• _TASK REQUIREMENTS_
Determine the count of lines in the data below that include the word "each", and give nothing besides it.

• _DATA FOR THIS TASK_

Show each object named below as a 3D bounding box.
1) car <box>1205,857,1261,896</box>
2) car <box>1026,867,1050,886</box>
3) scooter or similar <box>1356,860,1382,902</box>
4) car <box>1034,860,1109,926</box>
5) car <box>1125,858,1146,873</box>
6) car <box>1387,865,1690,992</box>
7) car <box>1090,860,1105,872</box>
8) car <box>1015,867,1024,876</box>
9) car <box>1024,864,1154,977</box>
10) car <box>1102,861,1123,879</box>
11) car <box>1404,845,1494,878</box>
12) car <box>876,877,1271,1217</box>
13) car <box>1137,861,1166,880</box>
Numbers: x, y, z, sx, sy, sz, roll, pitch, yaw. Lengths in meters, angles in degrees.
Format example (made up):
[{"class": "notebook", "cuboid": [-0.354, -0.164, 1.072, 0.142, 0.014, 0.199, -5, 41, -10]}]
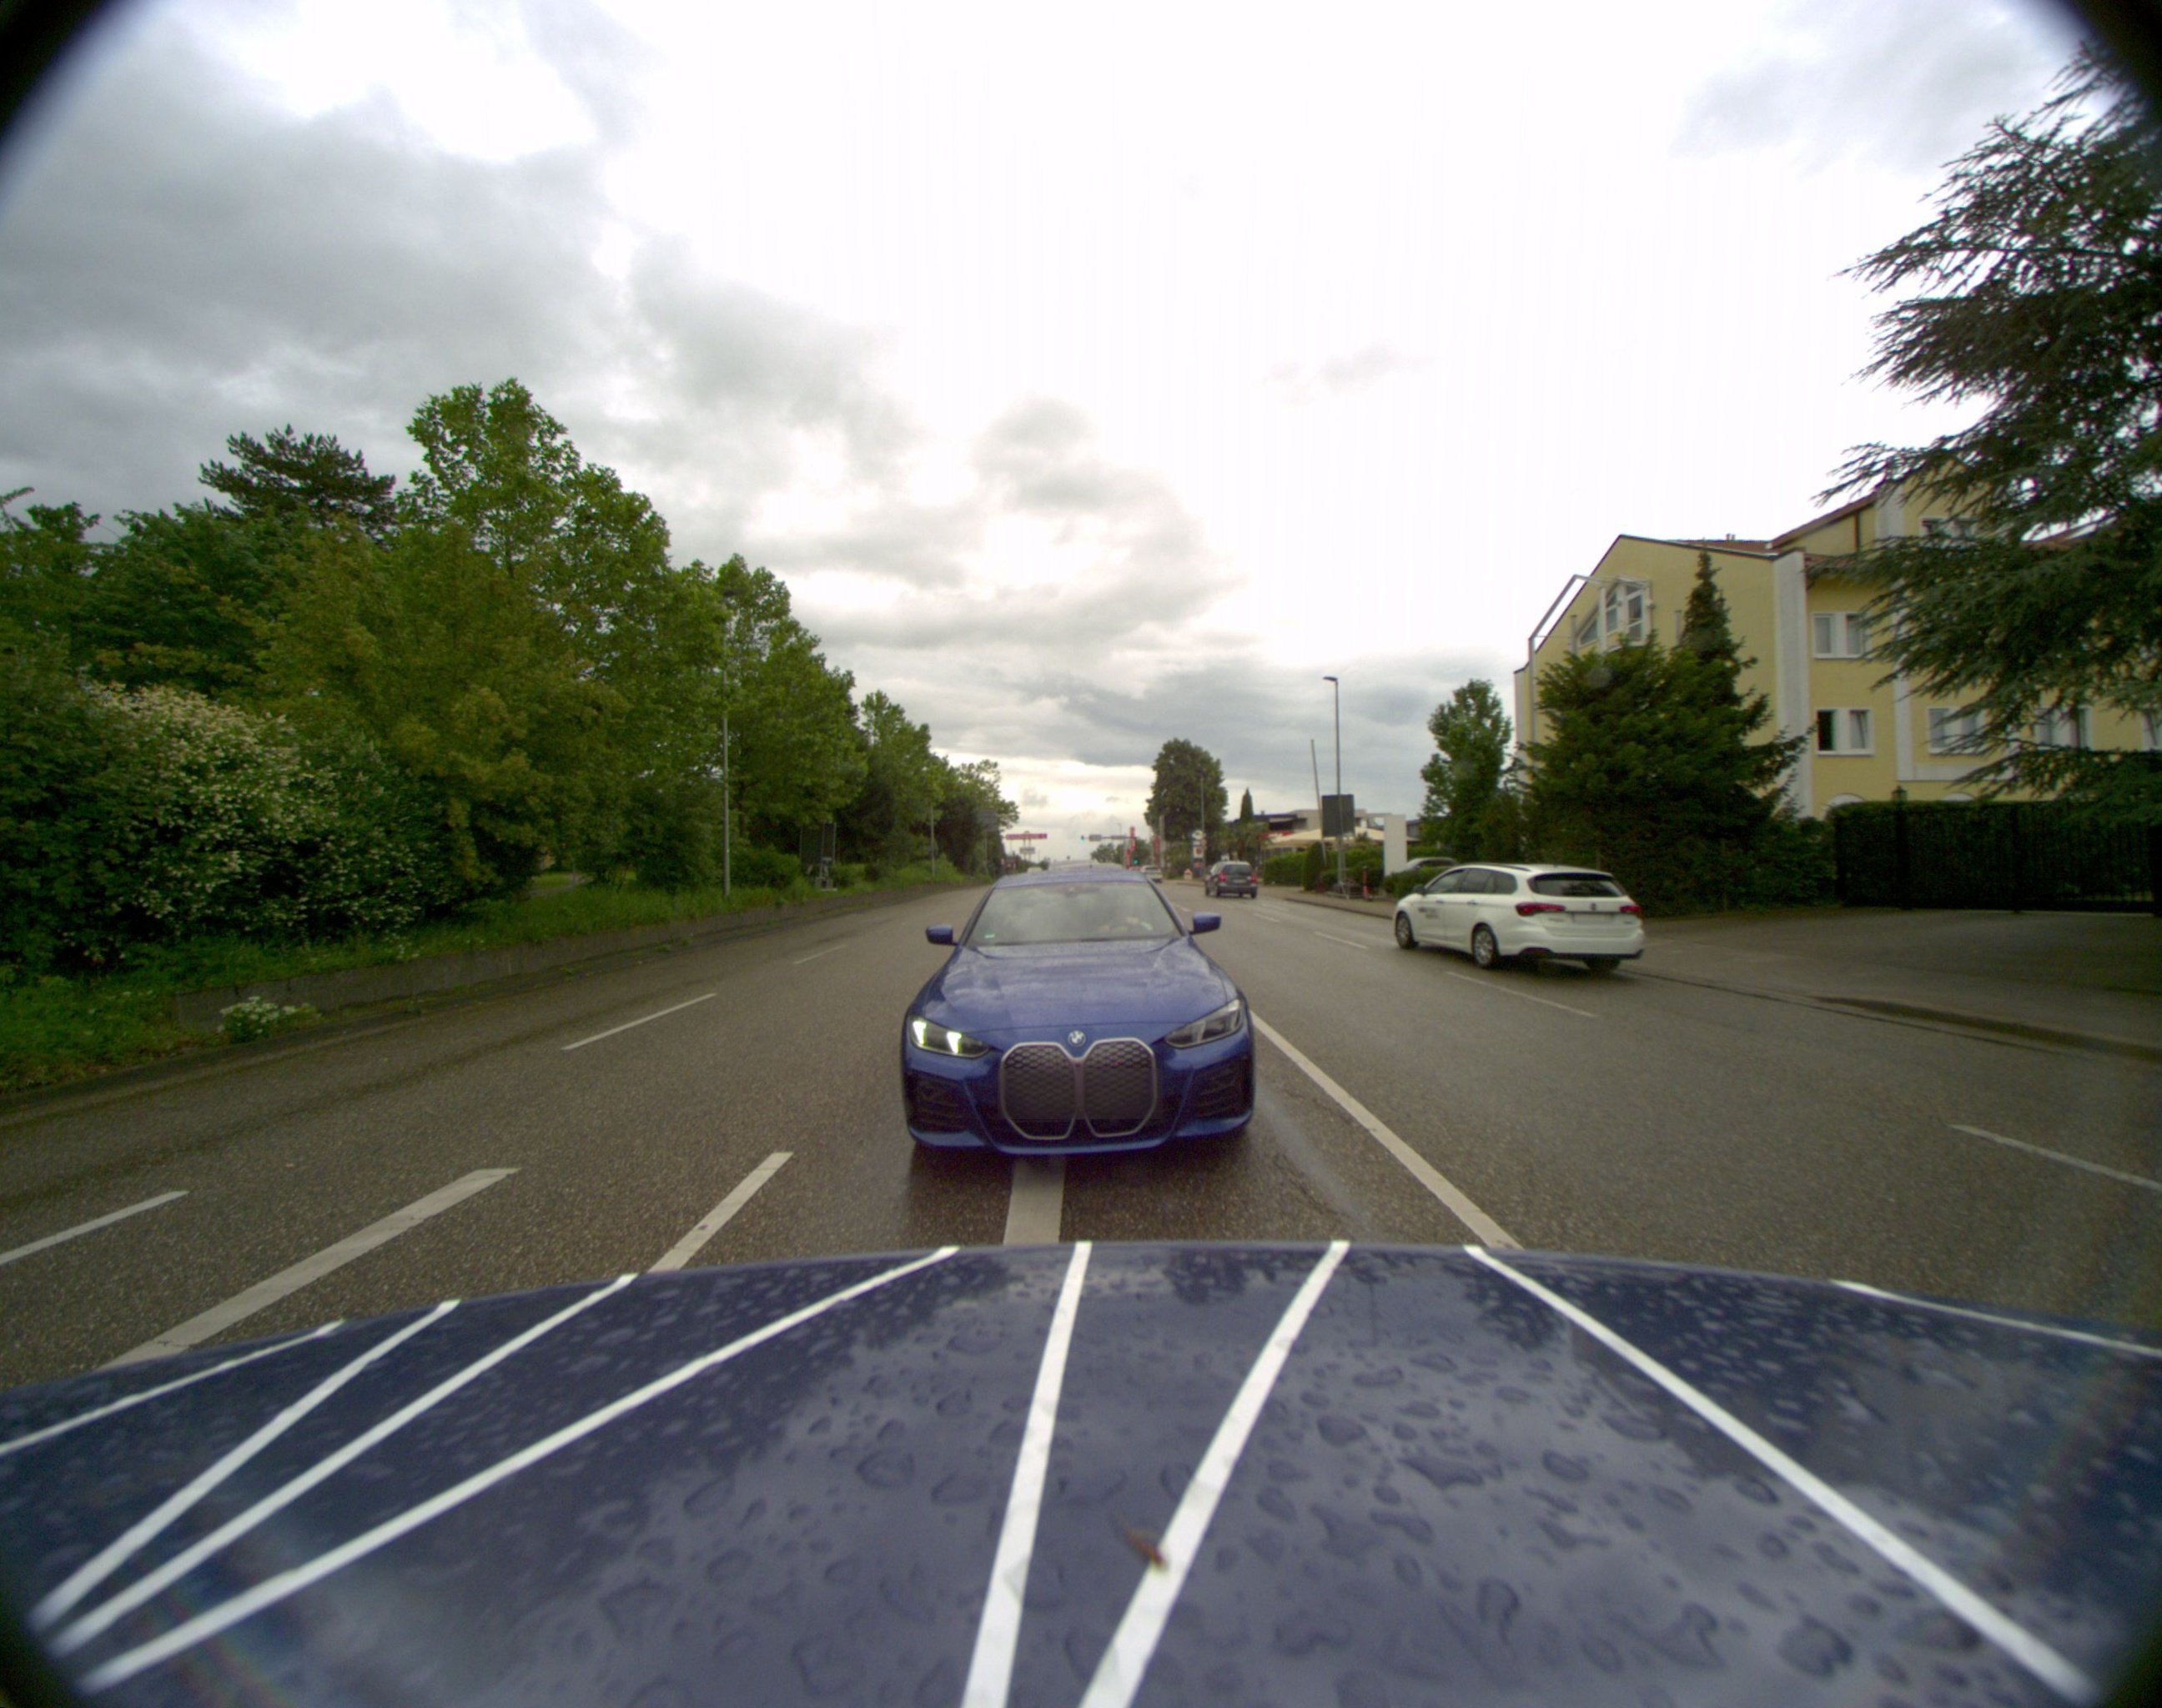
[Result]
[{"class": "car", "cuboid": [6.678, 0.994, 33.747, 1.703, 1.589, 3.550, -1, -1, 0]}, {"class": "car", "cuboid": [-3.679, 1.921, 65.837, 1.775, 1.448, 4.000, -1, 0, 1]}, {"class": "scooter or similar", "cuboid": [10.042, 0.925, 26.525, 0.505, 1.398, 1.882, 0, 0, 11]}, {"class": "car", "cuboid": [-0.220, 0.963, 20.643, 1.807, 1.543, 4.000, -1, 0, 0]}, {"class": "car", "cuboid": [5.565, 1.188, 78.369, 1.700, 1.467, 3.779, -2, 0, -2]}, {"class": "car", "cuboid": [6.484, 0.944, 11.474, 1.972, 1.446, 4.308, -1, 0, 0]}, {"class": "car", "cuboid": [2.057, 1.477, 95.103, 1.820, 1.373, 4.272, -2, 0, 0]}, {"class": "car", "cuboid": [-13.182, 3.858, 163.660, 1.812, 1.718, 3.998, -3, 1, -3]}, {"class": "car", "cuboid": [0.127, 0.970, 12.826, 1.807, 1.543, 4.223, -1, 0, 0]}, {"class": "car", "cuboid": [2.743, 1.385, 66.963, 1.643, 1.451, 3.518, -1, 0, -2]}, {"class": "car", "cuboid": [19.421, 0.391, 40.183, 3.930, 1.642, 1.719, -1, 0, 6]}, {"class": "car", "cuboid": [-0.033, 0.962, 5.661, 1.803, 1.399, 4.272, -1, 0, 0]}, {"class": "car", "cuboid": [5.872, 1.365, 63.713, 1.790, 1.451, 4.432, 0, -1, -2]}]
--
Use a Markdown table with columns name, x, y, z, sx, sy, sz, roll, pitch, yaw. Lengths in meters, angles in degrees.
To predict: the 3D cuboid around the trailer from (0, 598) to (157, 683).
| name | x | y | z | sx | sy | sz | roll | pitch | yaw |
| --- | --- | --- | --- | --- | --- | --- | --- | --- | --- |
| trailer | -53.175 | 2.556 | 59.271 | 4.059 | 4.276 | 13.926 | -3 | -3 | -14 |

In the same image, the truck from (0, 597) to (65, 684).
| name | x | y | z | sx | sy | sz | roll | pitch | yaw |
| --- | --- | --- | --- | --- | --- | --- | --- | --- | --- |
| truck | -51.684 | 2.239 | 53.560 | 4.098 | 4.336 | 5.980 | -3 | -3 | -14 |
--
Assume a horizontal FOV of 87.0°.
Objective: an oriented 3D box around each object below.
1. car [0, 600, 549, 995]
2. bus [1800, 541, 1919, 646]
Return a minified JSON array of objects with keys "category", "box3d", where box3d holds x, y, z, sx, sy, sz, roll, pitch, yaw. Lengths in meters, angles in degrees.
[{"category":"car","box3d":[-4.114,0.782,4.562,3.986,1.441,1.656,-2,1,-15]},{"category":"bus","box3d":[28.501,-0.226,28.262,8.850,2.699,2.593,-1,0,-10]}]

• _ANSWER TO THE EXERCISE_
2